If you are part of the Bodylines Pilates community then you know that in February we turn our attention to our feet … and if you aren’t a part of this amazing community then use those fabulous feet and come on over!
Feet … you know those appendages we have at the base of our bodies that carry us throughout our day … I know, you work your abs, your butt, your arms, but besides Bodylines bringing attention to your feet in February do you work your feet regularly? If you are like most people, then the answer is probably no.
You know that car that is sitting on your driveway that you expect every morning to start and take you where you need to go, well let’s start thinking of our feet in the same way as our car. Every morning when we place our feet on the ground next to our bed, we have the same expectation … that our feet will carry us where we need to go. However, just like our car, if we don’t give our feet the TLC, the maintenance they need our bodies will be affected as a whole.
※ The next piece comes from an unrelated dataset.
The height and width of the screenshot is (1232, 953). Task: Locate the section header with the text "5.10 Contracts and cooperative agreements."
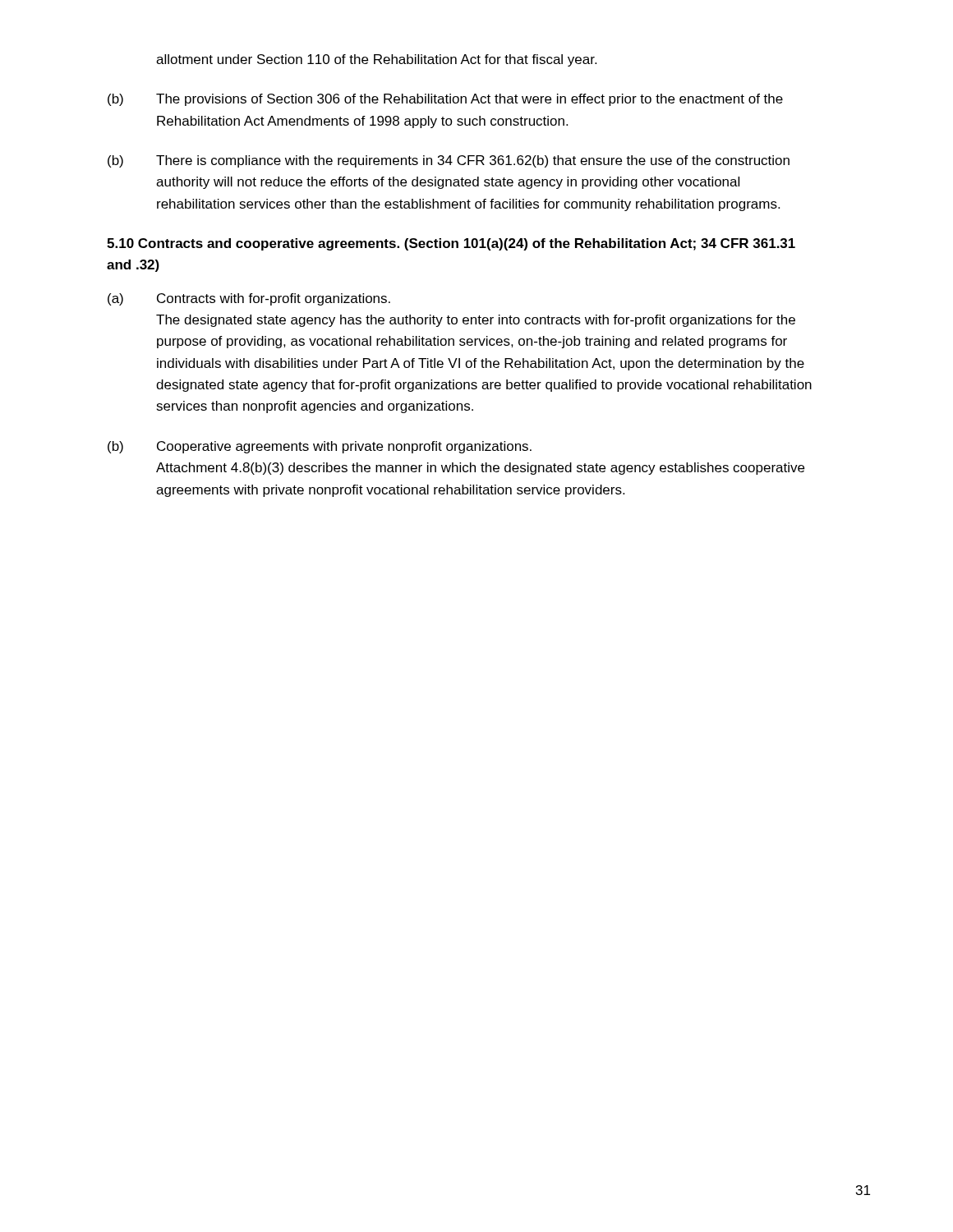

Let’s use February, Bodylines’ fabulous feet month, to get ourselves into a routine of looking after our feet just like we take care of the rest of our body. Check out the short video below on how you can start a simple routine using a rubber band from the broccoli you buy at the grocery store to give those fabulous feet some TLC!
TOE BAND EXERCISES
- Place toe band around big toes over or near to the nail bed
- Place feet in parallel
- Flex toes and pull your feet apart keeping your feet parallel. Repeat 5x
- Place toe band around the big toes over or near the nail bed
- Place feet in Pilates V
- Flex toes and pull your feet apart keeping your heels together in a Pilates V. Repeat 5x.
- Place toe band around big toe over or close to the nail bed
- Start with feet together in parallel and ankles flexed. Pull feet apart keeping heels together (Pilates V) then point your feet, return to parallel and then flex your ankles returning to start position. Repeat 4-5x then reverse the direction.